Problem: The reply should give back every entry exactly as written.

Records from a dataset
──────────

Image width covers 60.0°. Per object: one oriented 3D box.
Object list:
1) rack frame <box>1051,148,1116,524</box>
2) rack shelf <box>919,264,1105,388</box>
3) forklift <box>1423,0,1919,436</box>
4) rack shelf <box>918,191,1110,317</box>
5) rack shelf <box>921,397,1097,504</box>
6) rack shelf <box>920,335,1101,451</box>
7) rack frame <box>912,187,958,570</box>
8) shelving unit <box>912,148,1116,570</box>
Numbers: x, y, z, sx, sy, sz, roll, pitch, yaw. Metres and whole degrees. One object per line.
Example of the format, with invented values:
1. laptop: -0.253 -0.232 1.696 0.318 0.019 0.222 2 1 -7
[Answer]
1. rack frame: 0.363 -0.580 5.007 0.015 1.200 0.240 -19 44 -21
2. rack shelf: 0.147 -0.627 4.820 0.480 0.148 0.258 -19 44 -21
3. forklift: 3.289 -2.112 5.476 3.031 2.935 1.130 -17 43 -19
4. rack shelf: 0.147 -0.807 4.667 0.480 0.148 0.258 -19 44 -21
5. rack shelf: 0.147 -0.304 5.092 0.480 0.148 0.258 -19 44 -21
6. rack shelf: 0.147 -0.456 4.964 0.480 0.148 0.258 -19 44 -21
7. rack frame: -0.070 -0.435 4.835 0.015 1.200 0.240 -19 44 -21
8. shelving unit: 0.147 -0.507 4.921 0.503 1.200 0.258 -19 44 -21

──────────

Response to the task:
Image width covers 60.0°. Per object: one oriented 3D box.
Object list:
1) rack frame <box>1051,148,1116,524</box>
2) rack shelf <box>919,264,1105,388</box>
3) forklift <box>1423,0,1919,436</box>
4) rack shelf <box>918,191,1110,317</box>
5) rack shelf <box>921,397,1097,504</box>
6) rack shelf <box>920,335,1101,451</box>
7) rack frame <box>912,187,958,570</box>
8) shelving unit <box>912,148,1116,570</box>
Numbers: x, y, z, sx, sy, sz, roll, pitch, yaw. Metres and whole degrees. One object per line.
Example of the format, with invented values:
1. laptop: -0.253 -0.232 1.696 0.318 0.019 0.222 2 1 -7
[Answer]
1. rack frame: 0.363 -0.580 5.007 0.015 1.200 0.240 -19 44 -21
2. rack shelf: 0.147 -0.627 4.820 0.480 0.148 0.258 -19 44 -21
3. forklift: 3.289 -2.112 5.476 3.031 2.935 1.130 -17 43 -19
4. rack shelf: 0.147 -0.807 4.667 0.480 0.148 0.258 -19 44 -21
5. rack shelf: 0.147 -0.304 5.092 0.480 0.148 0.258 -19 44 -21
6. rack shelf: 0.147 -0.456 4.964 0.480 0.148 0.258 -19 44 -21
7. rack frame: -0.070 -0.435 4.835 0.015 1.200 0.240 -19 44 -21
8. shelving unit: 0.147 -0.507 4.921 0.503 1.200 0.258 -19 44 -21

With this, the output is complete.